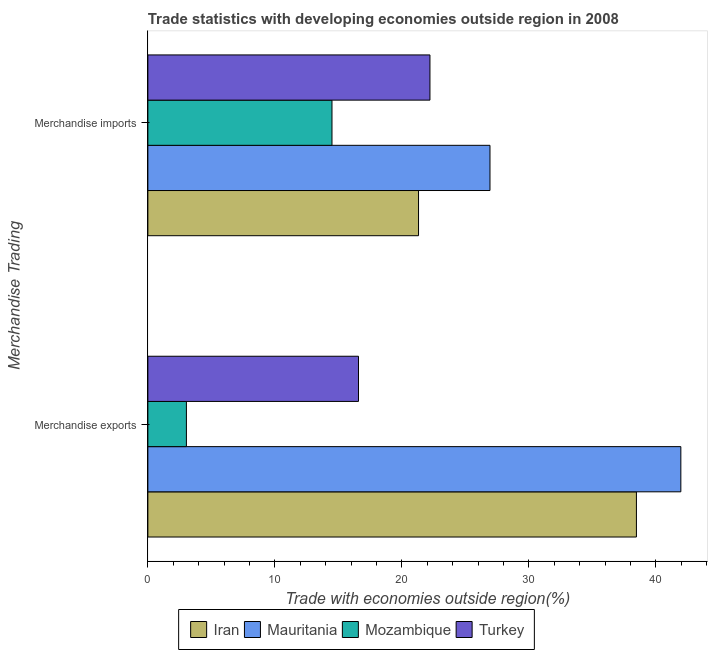How many different coloured bars are there?
Your response must be concise. 4. How many groups of bars are there?
Your answer should be very brief. 2. Are the number of bars per tick equal to the number of legend labels?
Your answer should be very brief. Yes. Are the number of bars on each tick of the Y-axis equal?
Make the answer very short. Yes. What is the merchandise imports in Mauritania?
Your response must be concise. 26.94. Across all countries, what is the maximum merchandise exports?
Give a very brief answer. 41.96. Across all countries, what is the minimum merchandise imports?
Your response must be concise. 14.5. In which country was the merchandise exports maximum?
Your answer should be very brief. Mauritania. In which country was the merchandise imports minimum?
Provide a short and direct response. Mozambique. What is the total merchandise imports in the graph?
Your answer should be compact. 84.95. What is the difference between the merchandise exports in Turkey and that in Iran?
Provide a succinct answer. -21.88. What is the difference between the merchandise exports in Mauritania and the merchandise imports in Turkey?
Provide a succinct answer. 19.75. What is the average merchandise exports per country?
Offer a terse response. 25.01. What is the difference between the merchandise exports and merchandise imports in Mauritania?
Make the answer very short. 15.03. What is the ratio of the merchandise imports in Turkey to that in Mozambique?
Offer a very short reply. 1.53. In how many countries, is the merchandise imports greater than the average merchandise imports taken over all countries?
Your response must be concise. 3. What does the 3rd bar from the bottom in Merchandise imports represents?
Offer a very short reply. Mozambique. How many bars are there?
Your answer should be very brief. 8. How many countries are there in the graph?
Make the answer very short. 4. What is the difference between two consecutive major ticks on the X-axis?
Keep it short and to the point. 10. Does the graph contain any zero values?
Offer a terse response. No. Does the graph contain grids?
Your answer should be compact. No. How are the legend labels stacked?
Your answer should be very brief. Horizontal. What is the title of the graph?
Provide a succinct answer. Trade statistics with developing economies outside region in 2008. Does "St. Lucia" appear as one of the legend labels in the graph?
Provide a succinct answer. No. What is the label or title of the X-axis?
Give a very brief answer. Trade with economies outside region(%). What is the label or title of the Y-axis?
Make the answer very short. Merchandise Trading. What is the Trade with economies outside region(%) in Iran in Merchandise exports?
Make the answer very short. 38.46. What is the Trade with economies outside region(%) of Mauritania in Merchandise exports?
Make the answer very short. 41.96. What is the Trade with economies outside region(%) of Mozambique in Merchandise exports?
Ensure brevity in your answer.  3.03. What is the Trade with economies outside region(%) of Turkey in Merchandise exports?
Offer a very short reply. 16.58. What is the Trade with economies outside region(%) in Iran in Merchandise imports?
Provide a succinct answer. 21.31. What is the Trade with economies outside region(%) in Mauritania in Merchandise imports?
Ensure brevity in your answer.  26.94. What is the Trade with economies outside region(%) in Mozambique in Merchandise imports?
Your answer should be very brief. 14.5. What is the Trade with economies outside region(%) of Turkey in Merchandise imports?
Offer a terse response. 22.21. Across all Merchandise Trading, what is the maximum Trade with economies outside region(%) in Iran?
Make the answer very short. 38.46. Across all Merchandise Trading, what is the maximum Trade with economies outside region(%) of Mauritania?
Provide a short and direct response. 41.96. Across all Merchandise Trading, what is the maximum Trade with economies outside region(%) of Mozambique?
Make the answer very short. 14.5. Across all Merchandise Trading, what is the maximum Trade with economies outside region(%) of Turkey?
Your answer should be very brief. 22.21. Across all Merchandise Trading, what is the minimum Trade with economies outside region(%) of Iran?
Ensure brevity in your answer.  21.31. Across all Merchandise Trading, what is the minimum Trade with economies outside region(%) in Mauritania?
Your response must be concise. 26.94. Across all Merchandise Trading, what is the minimum Trade with economies outside region(%) of Mozambique?
Make the answer very short. 3.03. Across all Merchandise Trading, what is the minimum Trade with economies outside region(%) of Turkey?
Offer a very short reply. 16.58. What is the total Trade with economies outside region(%) in Iran in the graph?
Offer a very short reply. 59.77. What is the total Trade with economies outside region(%) in Mauritania in the graph?
Provide a succinct answer. 68.9. What is the total Trade with economies outside region(%) of Mozambique in the graph?
Your answer should be very brief. 17.53. What is the total Trade with economies outside region(%) of Turkey in the graph?
Make the answer very short. 38.79. What is the difference between the Trade with economies outside region(%) of Iran in Merchandise exports and that in Merchandise imports?
Ensure brevity in your answer.  17.15. What is the difference between the Trade with economies outside region(%) of Mauritania in Merchandise exports and that in Merchandise imports?
Your answer should be very brief. 15.03. What is the difference between the Trade with economies outside region(%) in Mozambique in Merchandise exports and that in Merchandise imports?
Offer a very short reply. -11.46. What is the difference between the Trade with economies outside region(%) of Turkey in Merchandise exports and that in Merchandise imports?
Provide a short and direct response. -5.63. What is the difference between the Trade with economies outside region(%) in Iran in Merchandise exports and the Trade with economies outside region(%) in Mauritania in Merchandise imports?
Your answer should be compact. 11.53. What is the difference between the Trade with economies outside region(%) of Iran in Merchandise exports and the Trade with economies outside region(%) of Mozambique in Merchandise imports?
Give a very brief answer. 23.97. What is the difference between the Trade with economies outside region(%) in Iran in Merchandise exports and the Trade with economies outside region(%) in Turkey in Merchandise imports?
Give a very brief answer. 16.26. What is the difference between the Trade with economies outside region(%) of Mauritania in Merchandise exports and the Trade with economies outside region(%) of Mozambique in Merchandise imports?
Offer a very short reply. 27.47. What is the difference between the Trade with economies outside region(%) of Mauritania in Merchandise exports and the Trade with economies outside region(%) of Turkey in Merchandise imports?
Offer a very short reply. 19.75. What is the difference between the Trade with economies outside region(%) in Mozambique in Merchandise exports and the Trade with economies outside region(%) in Turkey in Merchandise imports?
Provide a short and direct response. -19.17. What is the average Trade with economies outside region(%) in Iran per Merchandise Trading?
Give a very brief answer. 29.89. What is the average Trade with economies outside region(%) in Mauritania per Merchandise Trading?
Your response must be concise. 34.45. What is the average Trade with economies outside region(%) of Mozambique per Merchandise Trading?
Offer a terse response. 8.76. What is the average Trade with economies outside region(%) of Turkey per Merchandise Trading?
Give a very brief answer. 19.4. What is the difference between the Trade with economies outside region(%) in Iran and Trade with economies outside region(%) in Mauritania in Merchandise exports?
Provide a short and direct response. -3.5. What is the difference between the Trade with economies outside region(%) of Iran and Trade with economies outside region(%) of Mozambique in Merchandise exports?
Your response must be concise. 35.43. What is the difference between the Trade with economies outside region(%) in Iran and Trade with economies outside region(%) in Turkey in Merchandise exports?
Offer a terse response. 21.88. What is the difference between the Trade with economies outside region(%) of Mauritania and Trade with economies outside region(%) of Mozambique in Merchandise exports?
Make the answer very short. 38.93. What is the difference between the Trade with economies outside region(%) of Mauritania and Trade with economies outside region(%) of Turkey in Merchandise exports?
Offer a terse response. 25.38. What is the difference between the Trade with economies outside region(%) in Mozambique and Trade with economies outside region(%) in Turkey in Merchandise exports?
Give a very brief answer. -13.55. What is the difference between the Trade with economies outside region(%) in Iran and Trade with economies outside region(%) in Mauritania in Merchandise imports?
Make the answer very short. -5.63. What is the difference between the Trade with economies outside region(%) in Iran and Trade with economies outside region(%) in Mozambique in Merchandise imports?
Offer a terse response. 6.81. What is the difference between the Trade with economies outside region(%) in Iran and Trade with economies outside region(%) in Turkey in Merchandise imports?
Give a very brief answer. -0.9. What is the difference between the Trade with economies outside region(%) in Mauritania and Trade with economies outside region(%) in Mozambique in Merchandise imports?
Offer a very short reply. 12.44. What is the difference between the Trade with economies outside region(%) in Mauritania and Trade with economies outside region(%) in Turkey in Merchandise imports?
Your answer should be compact. 4.73. What is the difference between the Trade with economies outside region(%) of Mozambique and Trade with economies outside region(%) of Turkey in Merchandise imports?
Your response must be concise. -7.71. What is the ratio of the Trade with economies outside region(%) of Iran in Merchandise exports to that in Merchandise imports?
Provide a succinct answer. 1.8. What is the ratio of the Trade with economies outside region(%) in Mauritania in Merchandise exports to that in Merchandise imports?
Provide a succinct answer. 1.56. What is the ratio of the Trade with economies outside region(%) in Mozambique in Merchandise exports to that in Merchandise imports?
Provide a short and direct response. 0.21. What is the ratio of the Trade with economies outside region(%) of Turkey in Merchandise exports to that in Merchandise imports?
Keep it short and to the point. 0.75. What is the difference between the highest and the second highest Trade with economies outside region(%) in Iran?
Offer a very short reply. 17.15. What is the difference between the highest and the second highest Trade with economies outside region(%) in Mauritania?
Give a very brief answer. 15.03. What is the difference between the highest and the second highest Trade with economies outside region(%) in Mozambique?
Offer a terse response. 11.46. What is the difference between the highest and the second highest Trade with economies outside region(%) in Turkey?
Your answer should be compact. 5.63. What is the difference between the highest and the lowest Trade with economies outside region(%) of Iran?
Provide a short and direct response. 17.15. What is the difference between the highest and the lowest Trade with economies outside region(%) of Mauritania?
Provide a short and direct response. 15.03. What is the difference between the highest and the lowest Trade with economies outside region(%) of Mozambique?
Make the answer very short. 11.46. What is the difference between the highest and the lowest Trade with economies outside region(%) in Turkey?
Provide a short and direct response. 5.63.

* **What to produce**
From the records above, transcribe without alteration every line from the one with "Offer a terse response. 21.88." to the one with "Offer a terse response. 25.38.", inclusive.

* **Solution for this task**
Offer a terse response. 21.88. What is the difference between the Trade with economies outside region(%) of Mauritania and Trade with economies outside region(%) of Mozambique in Merchandise exports?
Make the answer very short. 38.93. What is the difference between the Trade with economies outside region(%) of Mauritania and Trade with economies outside region(%) of Turkey in Merchandise exports?
Offer a terse response. 25.38. What is the difference between the Trade with economies outside region(%) in Mozambique and Trade with economies outside region(%) in Turkey in Merchandise exports?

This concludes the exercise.